- [EXERCISE]: Give the number of lines in these entries that contain "geometry", and nothing more.

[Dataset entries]
_ _ _ _ _ _ _
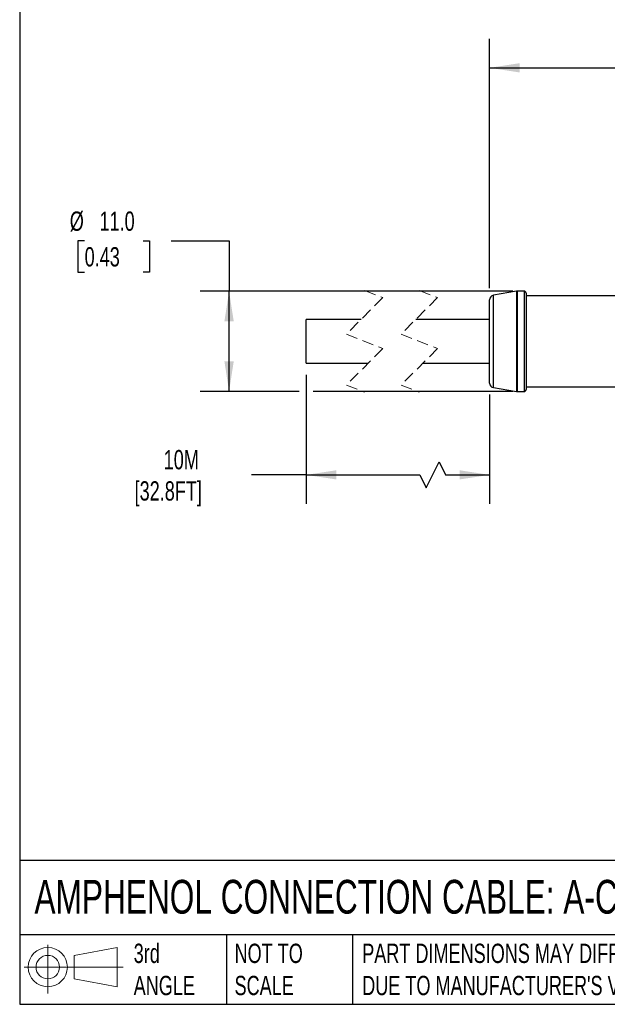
# Model space of a CAD drawing. Header units: millimetres. Extents: x 6 to 273, y 6 to 210.
# Tile 1 of 13: x 6 to 71, y 6 to 114. Entities that reach past the tile are written whole.
import ezdxf

# ---------------------------------------------------------------- set-up
doc = ezdxf.new("R2010")
doc.units = ezdxf.units.MM
doc.linetypes.add('SLD-Dashed', pattern=[1.905, 1.27, -0.635])
doc.linetypes.add('SLD-Solid', pattern=[0])
doc.layers.add('DIMENSIONS', color=140, linetype='SLD-Solid', lineweight=25)
doc.layers.add('TEXT', color=140, linetype='SLD-Solid', lineweight=25)
doc.layers.add('SLD-DEFPOINTS', color=7, linetype='Continuous')
doc.styles.add('SLDTEXTSTYLE0', font='TXT', dxfattribs={"width": 0.7})
doc.dimstyles.new('SLDDIMSTYLE0', dxfattribs={"dimtxt": 2.158008, "dimasz": 3.302, "dimexe": 0, "dimexo": 0.0625, "dimgap": 0.539502, "dimtad": 0, "dimtih": 1, "dimtoh": 1, "dimdec": 1, "dimrnd": 1e-09, "dimzin": 12, "dimdsep": 46, "dimtxsty": 'SLDTEXTSTYLE0', "dimsah": 1, "dimcen": 0.09, "dimadec": 0, "dimazin": 3, "dimtfac": 1, "dimtdec": 1, "dimtofl": 0, "dimtmove": 0, "dimatfit": 3, "dimfxl": 0, "dimfrac": 2, "dimtolj": 1, "dimtzin": 12, "dimarcsym": 0})
doc.dimstyles.new('SLDDIMSTYLE1', dxfattribs={"dimtxt": 2.158008, "dimasz": 3.302, "dimexe": 0, "dimexo": 0.0625, "dimgap": 0.539502, "dimtad": 0, "dimtih": 1, "dimtoh": 1, "dimdec": 1, "dimrnd": 1e-09, "dimzin": 4, "dimdsep": 46, "dimtxsty": 'SLDTEXTSTYLE0', "dimsah": 1, "dimcen": 0.09, "dimadec": 0, "dimazin": 1, "dimtfac": 1, "dimtdec": 1, "dimtofl": 0, "dimtmove": 0, "dimatfit": 3, "dimfxl": 0, "dimfrac": 2, "dimtolj": 1, "dimtzin": 12, "dimarcsym": 0})

# ---------------------------------------------------------------- blocks, each defined once
blk = doc.blocks.new('Block11')
at = {"color": 7, "linetype": 'SLD-Solid', "lineweight": 18}
for p, q in [((2.59, 5.31), (2.59, 0)), ((5.48, 4.17), (10.18, 5.03)), ((10.18, 5.03), (10.18, 0.73)), ((5.48, 1.6), (5.48, 4.17)), ((0, 2.88), (10.87, 2.88)), ((5.48, 1.6), (10.18, 0.73))]:
    blk.add_line(p, q, dxfattribs=at)
for radius in [2.15, 1.29]:
    blk.add_circle((2.59, 2.88), radius, dxfattribs=at)
blk = doc.blocks.new('Block12')
at = {"layer": 'SLD-DEFPOINTS'}
blk.add_blockref('Block11', (0, 0), dxfattribs=at)
blk = doc.blocks.new('_D_1')
at = {"layer": 'DIMENSIONS'}
for p, q in [((57.88, 84.91), (57.88, 112.24)), ((107.88, 85.21), (107.88, 112.24)), ((57.88, 109.07), (77.87, 109.07)), ((80.8, 109.07), (80.07, 109.07)), ((80.07, 109.07), (80.07, 105.64)), ((87.21, 109.07), (87.94, 109.07)), ((87.94, 109.07), (87.94, 105.64)), ((107.88, 109.07), (90.14, 109.07)), ((80.07, 105.64), (80.8, 105.64)), ((87.94, 105.64), (87.21, 105.64))]:
    blk.add_line(p, q, dxfattribs=at)
for points in [[(57.88, 109.07), (61.18, 108.56), (61.18, 109.58)], [(107.88, 109.07), (104.58, 109.58), (104.58, 108.56)]]:
    blk.add_solid(points, dxfattribs=at)
at = {"layer": 'DIMENSIONS', "char_height": 2.117, "attachment_point": 1, "style": 'SLDTEXTSTYLE0'}
for s, insert in [('50.0', (80.8, 112.28)), ('1.97', (80.8, 108.37))]:
    blk.add_mtext(s, dxfattribs=dict(at, insert=insert))
blk = doc.blocks.new('_D_3')
at = {"layer": 'DIMENSIONS'}
for p, q in [((13.47, 90.1), (12.74, 90.1)), ((12.74, 90.1), (12.74, 86.67)), ((19.88, 90.1), (20.6, 90.1)), ((20.6, 90.1), (20.6, 86.67)), ((22.96, 90.1), (29.31, 90.1)), ((29.31, 90.1), (29.31, 84.57)), ((12.74, 86.67), (13.47, 86.67)), ((20.6, 86.67), (19.88, 86.67)), ((60.41, 84.57), (26.13, 84.57)), ((29.31, 73.57), (29.31, 84.57)), ((37.01, 73.57), (26.13, 73.57)), ((60.41, 73.57), (38.53, 73.57))]:
    blk.add_line(p, q, dxfattribs=at)
for points in [[(29.31, 84.57), (28.8, 81.27), (29.82, 81.27)], [(29.31, 73.57), (29.82, 76.87), (28.8, 76.87)]]:
    blk.add_solid(points, dxfattribs=at)
at = {"layer": 'DIMENSIONS', "char_height": 2.117, "attachment_point": 1, "style": 'SLDTEXTSTYLE0'}
for s, insert in [('%%c', (11.84, 93.31)), ('11.0', (15.1, 93.31)), ('0.43', (13.47, 89.4))]:
    blk.add_mtext(s, dxfattribs=dict(at, insert=insert))
blk = doc.blocks.new('_D_4')
at = {"layer": 'DIMENSIONS'}
for p, q in [((37.77, 75.4), (37.77, 61.25)), ((57.88, 73.22), (57.88, 61.25)), ((50.94, 63.01), (52.35, 65.84)), ((52.35, 65.84), (53.06, 64.42)), ((37.77, 64.42), (31.77, 64.42)), ((37.77, 64.42), (50.24, 64.42)), ((50.24, 64.42), (50.94, 63.01)), ((53.06, 64.42), (57.88, 64.42))]:
    blk.add_line(p, q, dxfattribs=at)
for points in [[(37.77, 64.42), (41.07, 63.92), (41.07, 64.93)], [(57.88, 64.42), (54.58, 64.93), (54.58, 63.92)]]:
    blk.add_solid(points, dxfattribs=at)
at = {"layer": 'DIMENSIONS', "char_height": 2.117, "attachment_point": 1, "style": 'SLDTEXTSTYLE0'}
for s, insert in [('10M', (22.14, 67.15)), ('[32.8FT]', (18.95, 63.72))]:
    blk.add_mtext(s, dxfattribs=dict(at, insert=insert))

msp = doc.modelspace()

# ---------------------------------------------------------------- linework, layer by layer
at = {"color": 7, "linetype": 'SLD-Dashed', "lineweight": 18}
for p, q in [((44.17, 84.64), (46.17, 83.86)), ((50.17, 84.64), (52.17, 83.86)), ((46.17, 83.86), (42.17, 79.86)), ((52.17, 83.86), (48.17, 79.86)), ((42.17, 79.86), (46.17, 78.28)), ((48.17, 79.86), (52.17, 78.28)), ((46.17, 78.28), (42.17, 74.28)), ((52.17, 78.28), (48.17, 74.28)), ((42.17, 74.28), (44.17, 73.49)), ((48.17, 74.28), (50.17, 73.49))]:
    msp.add_line(p, q, dxfattribs=at)
for p, q in [((60.84, 84.56), (58.3, 84.14)), ((60.84, 84.56), (60.84, 79.07)), ((61.68, 84.57), (60.92, 84.57)), ((60.92, 79.07), (60.92, 84.57)), ((61.68, 84.57), (61.68, 79.07)), ((61.88, 84.37), (61.88, 73.77)), ((57.88, 74.49), (57.88, 83.64)), ((58.3, 74), (58.3, 84.14)), ((72.68, 84.07), (61.88, 84.07)), ((43.78, 81.47), (37.77, 81.47)), ((37.77, 79.07), (37.77, 81.47)), ((57.88, 81.47), (49.78, 81.47)), ((37.77, 76.67), (37.77, 79.07)), ((60.84, 79.07), (60.84, 73.58)), ((60.92, 73.57), (60.92, 79.07)), ((61.68, 79.07), (61.68, 73.57)), ((37.77, 76.67), (44.56, 76.67)), ((50.56, 76.67), (57.88, 76.67)), ((58.3, 74), (60.84, 73.58)), ((60.92, 73.57), (61.68, 73.57)), ((61.88, 74.07), (72.68, 74.07))]:
    msp.add_line(p, q)
for centre, radius, start, end in [((60.92, 84.07), 0.5, 90.0007, 99.4613), ((61.68, 84.37), 0.2, 359.9999, 90), ((58.38, 83.64), 0.5, 99.4624, 179.9999), ((58.38, 74.49), 0.5, 180.0001, 260.5376), ((60.92, 74.07), 0.5, 260.5387, 269.9993), ((61.68, 73.77), 0.2, 270, 0.0001)]:
    msp.add_arc(centre, radius, start, end)
at = {"layer": 'TEXT'}
for p, q in [((6.35, 209.55), (6.35, 6.35)), ((273.05, 22.13), (6.35, 22.13)), ((273.05, 13.97), (6.35, 13.97)), ((29.04, 13.97), (29.04, 6.35)), ((42.84, 13.97), (42.84, 6.35)), ((6.35, 6.35), (273.05, 6.35))]:
    msp.add_line(p, q, dxfattribs=at)

# ---------------------------------------------------------------- block references
at = {"layer": 'SLD-DEFPOINTS'}
msp.add_blockref('Block12', (6.84, 7.55), dxfattribs=at)

# ---------------------------------------------------------------- texts
at = {"layer": 'TEXT', "attachment_point": 1, "style": 'SLDTEXTSTYLE0'}
for s, insert, char_height in [('AMPHENOL CONNECTION CABLE: A-CODED', (7.97, 20), 3.7042), ('3rd^JANGLE', (18.85, 13), 2.117), ('NOT TO^JSCALE', (29.91, 13), 2.1167), ("PART DIMENSIONS MAY DIFFER SLIGHTLY ^JDUE TO MANUFACTURER'S VARIANCES", (43.91, 13), 2.1167)]:
    msp.add_mtext(s, dxfattribs=dict(at, insert=insert, char_height=char_height))

# ---------------------------------------------------------------- dimensions: what is measured, and where the dimension line sits
at = {"layer": 'DIMENSIONS'}
dim = msp.add_linear_dim(base=(57.88, 109.07), p1=(107.88, 83.94), p2=(57.88, 83.64), dimstyle='SLDDIMSTYLE1', dxfattribs=at)
dim.commit()
dim.dimension.update_dxf_attribs({"geometry": '_D_1', "text_midpoint": (84, 109.07), "dimtype": 160})
dim = msp.add_linear_dim(base=(29.31, 84.57), p1=(61.68, 73.57), p2=(61.68, 84.57), angle=90, text='%%c<>', dimstyle='SLDDIMSTYLE1', dxfattribs=at)
dim.commit()
dim.dimension.update_dxf_attribs({"geometry": '_D_3', "text_midpoint": (29.31, 90.1), "dimtype": 160})
dim = msp.add_linear_dim(base=(37.77, 64.42), p1=(57.88, 74.49), p2=(37.77, 76.67), text='10M\\P[32.8FT]', dimstyle='SLDDIMSTYLE0', dxfattribs=at)
dim.commit()
dim.dimension.update_dxf_attribs({"geometry": '_D_4', "text_midpoint": (25.12, 64.42), "dimtype": 160})

doc.saveas('drawing.dxf')
_ _ _ _ _ _ _
- [ANSWER BELOW]: 3